Source data
* * * *
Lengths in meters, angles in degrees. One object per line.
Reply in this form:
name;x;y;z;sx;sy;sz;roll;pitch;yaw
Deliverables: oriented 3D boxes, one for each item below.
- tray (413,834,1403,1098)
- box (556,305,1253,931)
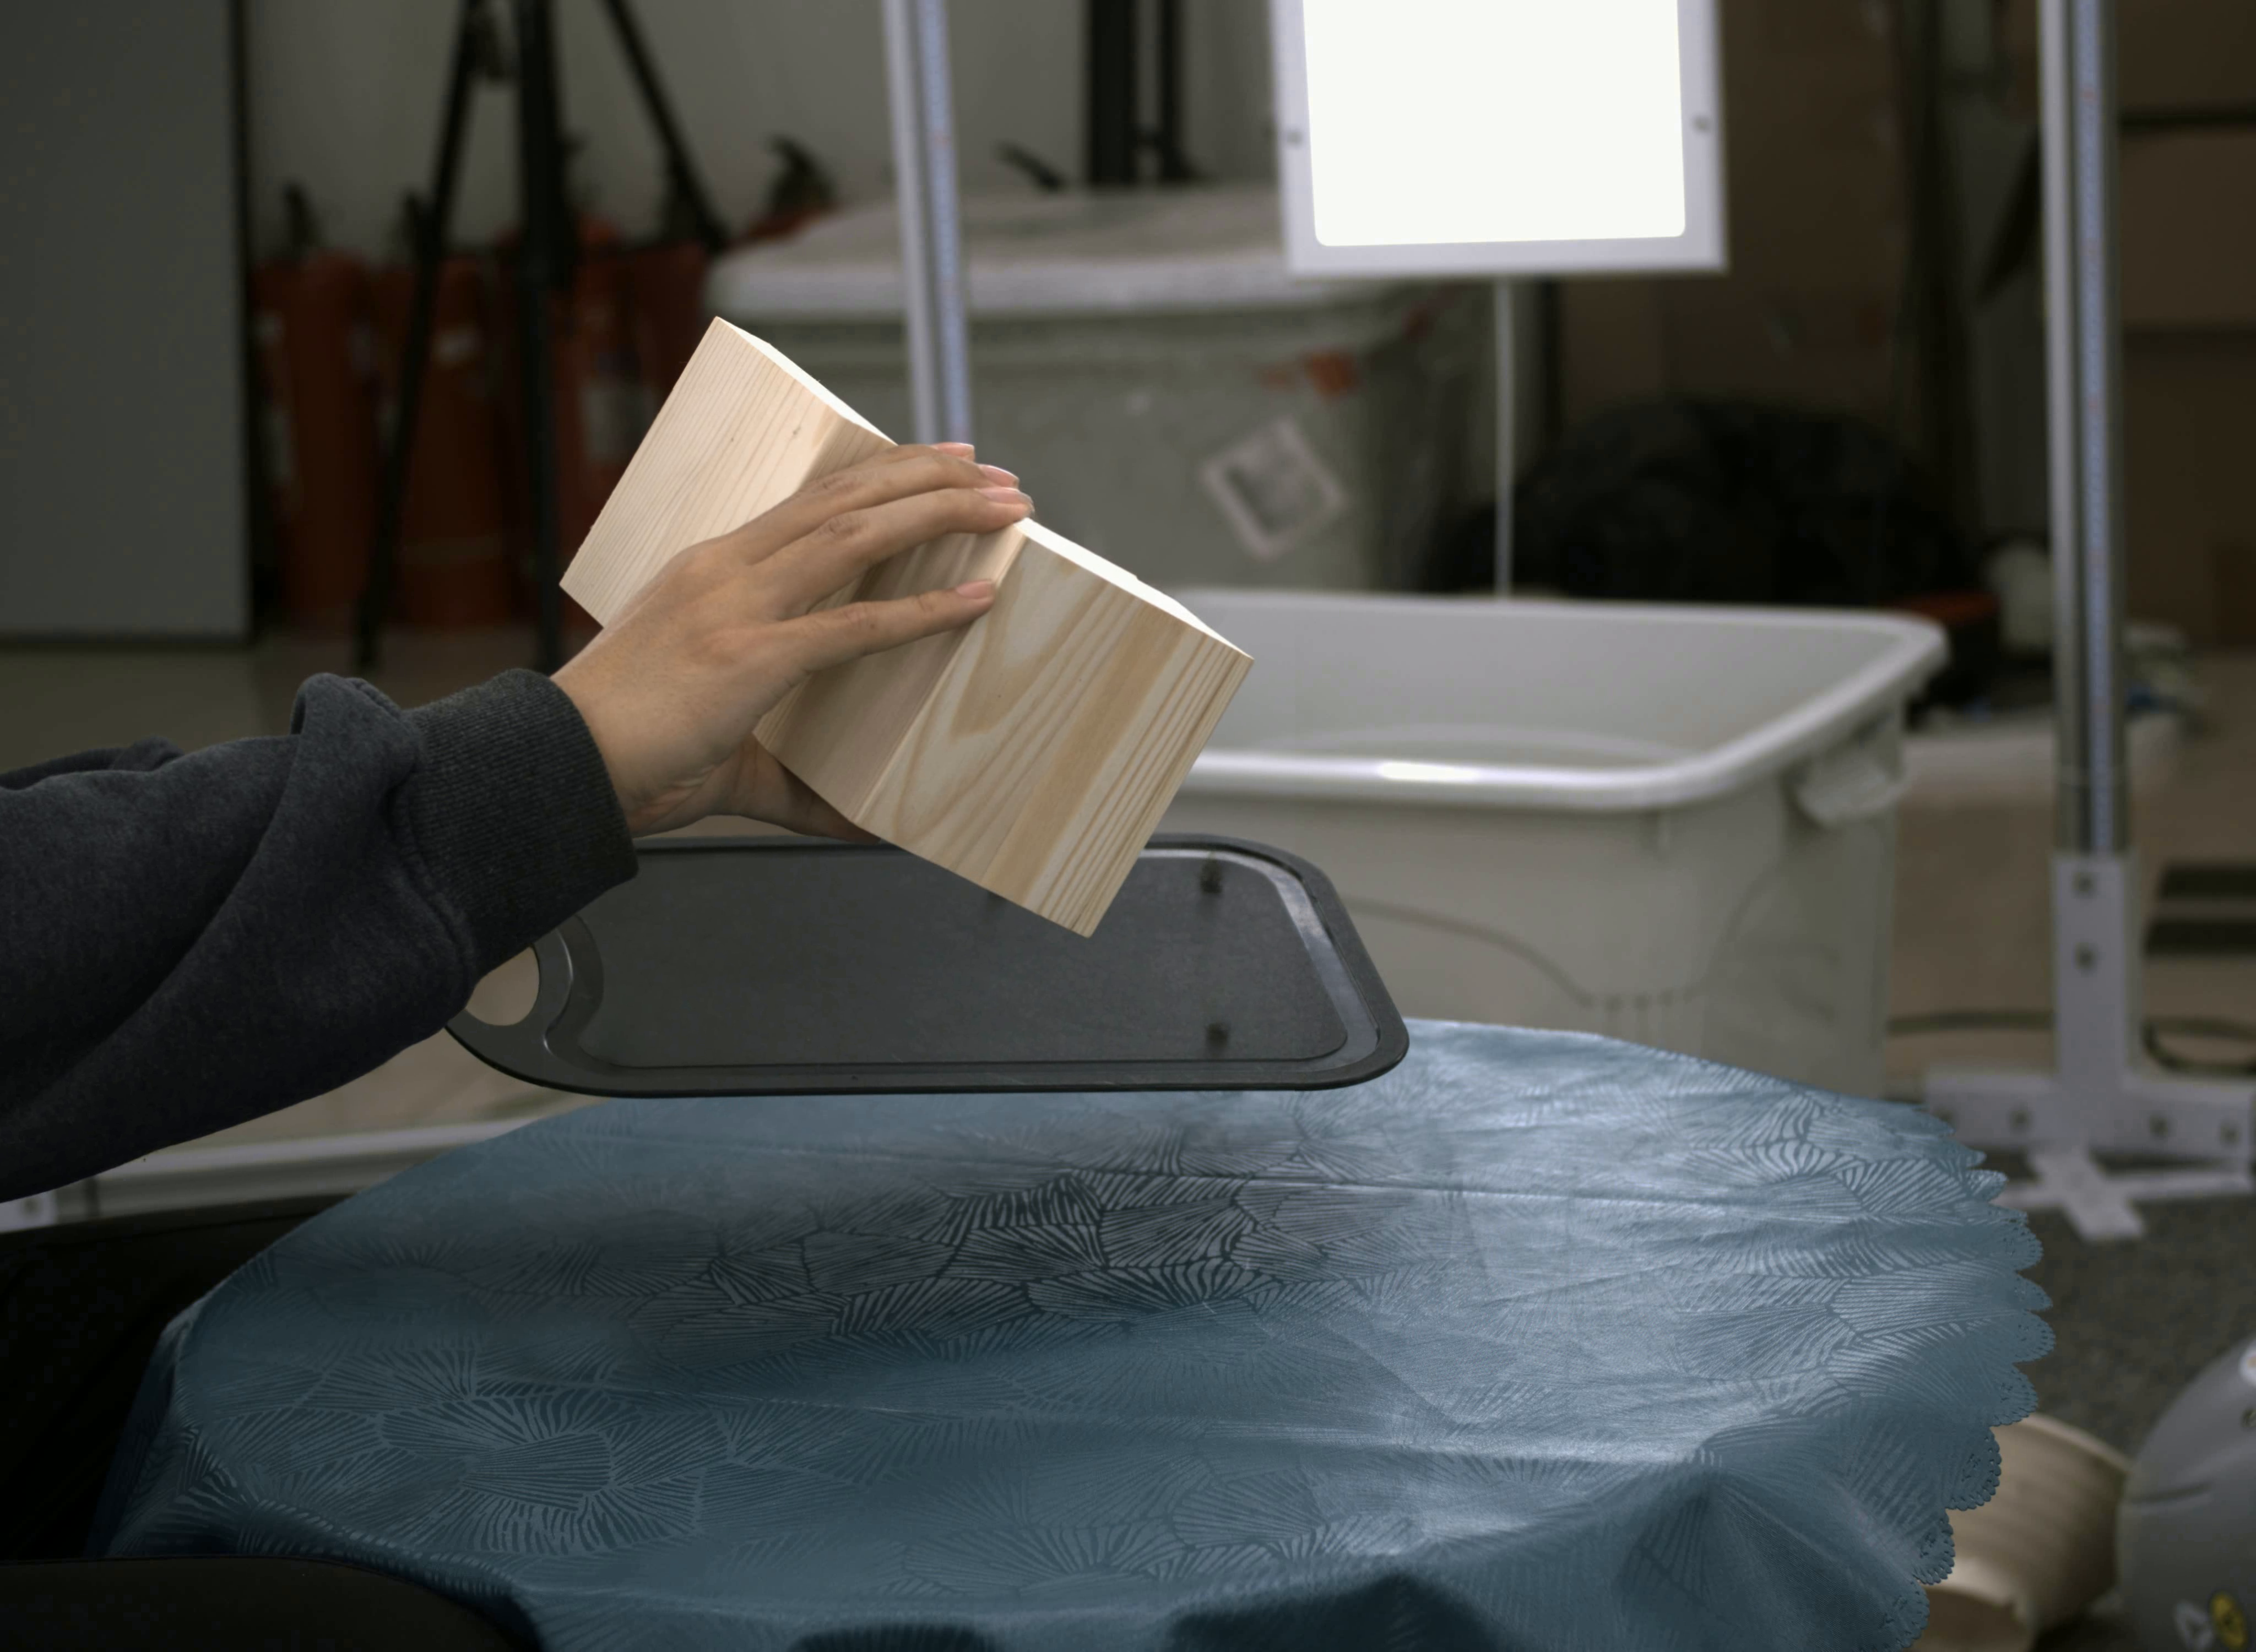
tray;-0.077;0.043;1.854;0.322;0.010;0.211;0;22;-8
box;-0.072;-0.066;1.724;0.131;0.103;0.187;26;9;-38
* * * *
■ **Assignment**
The records above are to be repeated exactly, with every picture removed from the copy.

■ **Solved exercise**
Lengths in meters, angles in degrees. One object per line.
Reply in this form:
name;x;y;z;sx;sy;sz;roll;pitch;yaw
Deliverables: oriented 3D boxes, one for each item below.
- tray (413,834,1403,1098)
- box (556,305,1253,931)
tray;-0.077;0.043;1.854;0.322;0.010;0.211;0;22;-8
box;-0.072;-0.066;1.724;0.131;0.103;0.187;26;9;-38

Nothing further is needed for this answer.